Now he reads the section where Knowlson comments on how the young Beckett fled Ireland and above all escaped from May, his mother, but didn’t have a much better time in London. He was depressed and jobless the whole time he was there. He applied without success for the post of assistant curator at the National Gallery. He suffered all sorts of physical discomforts in the form of cysts and eczema. He soon saw that he’d be forced to return to his Dublin home. The worst thing was that he went back, and his mother, convinced he was behaving strangely and had psychological problems, tortured him by making him return to London and paying for two years of intensive psychotherapy for him there, which led him to end up detesting forever the old capital of the empire and the empire itself. He was never a good Irishman, but he acted like it when it came to despising England. He traveled around Germany afterward, where he learned — Knowlson says — to be silent in another language, absorbed in front of Flemish paintings.

Even so, he did return to Dublin and to life with his mother. Uncomfortable in the house where he was born, in Cooldrinagh, in the village of Foxrock. Long walks at dusk to Three Rock and Two Rock, always returning home via Glencullen, generally accompanied by his mother’s two Kerry Blue terriers. Days of fog and lethargy, of indecision. Long hikes around the beautiful coast of the county: lighthouses, wind, harbors. Long strolls around one of the most beautiful areas on earth. And one single conviction during those days of much indecision: now he would hate London forever. And a question preyed on the no-longer-so-young Beckett: what if I went to France and fled from the beauty of the lighthouses and the last piers of the ports at the end of the world of my noble, beloved, sweet, revolting native land?

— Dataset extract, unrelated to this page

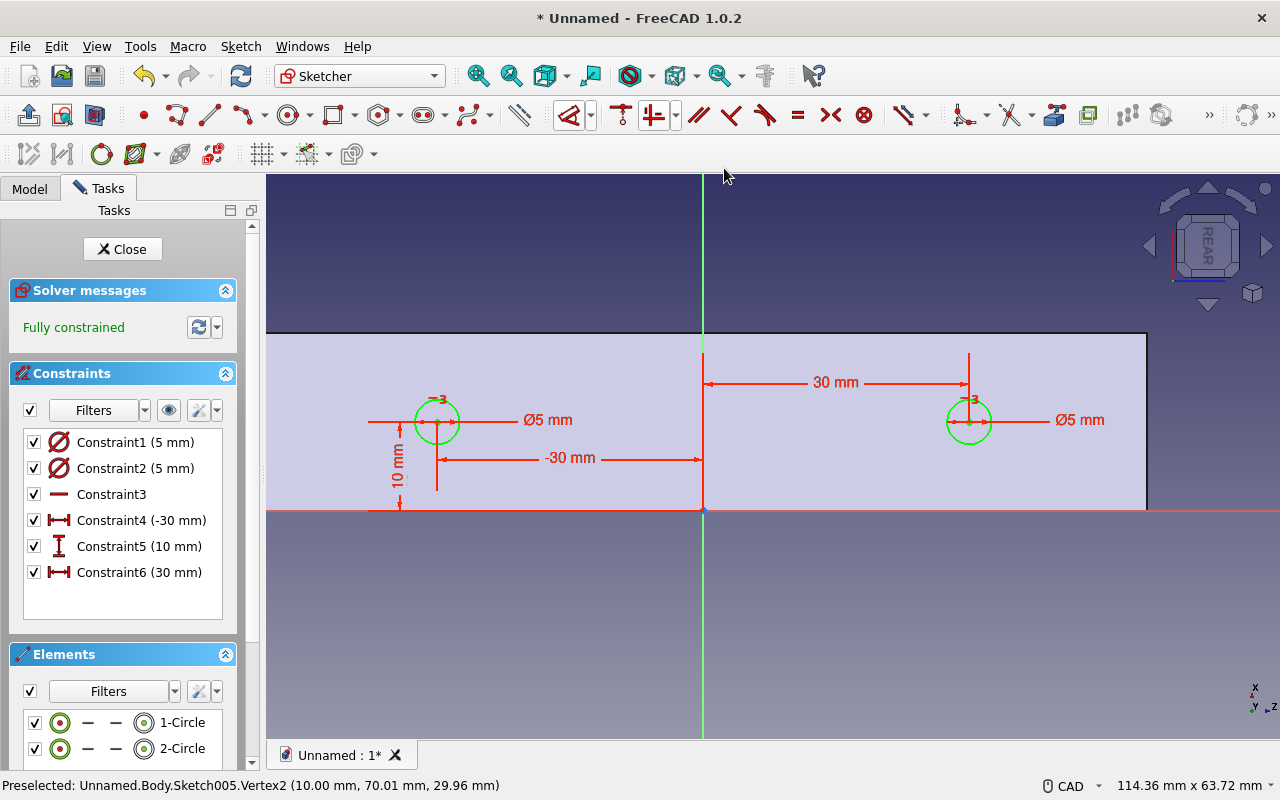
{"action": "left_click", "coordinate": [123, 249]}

Two days later, Beckett says goodbye to Dublin once and for all and sets off for Paris, which soon becomes his life’s destiny. He experiences something there he forever calls a
revelation
and that he once summed up thus: “Molloy and the others came to me the day I realized my stupidity. Only then did I start to write what I felt.” When the biographer Knowlson asked him to be less cryptic about the matter, Beckett didn’t mind explaining it further:

I realized that Joyce had gone as far as one could in the direction of knowing more, [being] in control of one’s material. He was always adding to it; you only have to look at his proofs to see that. I realized that my own way was impoverishment, in lack of knowledge and in taking away, in subtracting rather than adding.

 

With this
revelation
of Beckett’s, the Gutenberg age and of literature in general had started to seem like a living organism that, having reached the peak of its vitality in Joyce, was now, with his direct and essential heir, Beckett, experiencing the irruption of a more extreme sense of the game than ever, but also the beginning of a steep decline in physical form, ageing, the descent to the opposite pier to that of Joyce’s splendor, a freefall toward the port’s murky waters and its poverty, where in recent times, and for many years now, an old whore walks in an absurd worn-out raincoat at the end of a jetty buffeted by the wind and the rain.

Reading makes him sleepy again, perhaps because he woke up too early. But he doesn’t attribute this sudden low to that, but rather to the fact that he’s started reading on the other bed, the one he didn’t sleep in last night. He remembers Amy Hempel, whose character says in one of her stories that she’d discovered a trick to get to sleep: “I sleep in my husband’s bed. That way, the empty bed I look at is my own.”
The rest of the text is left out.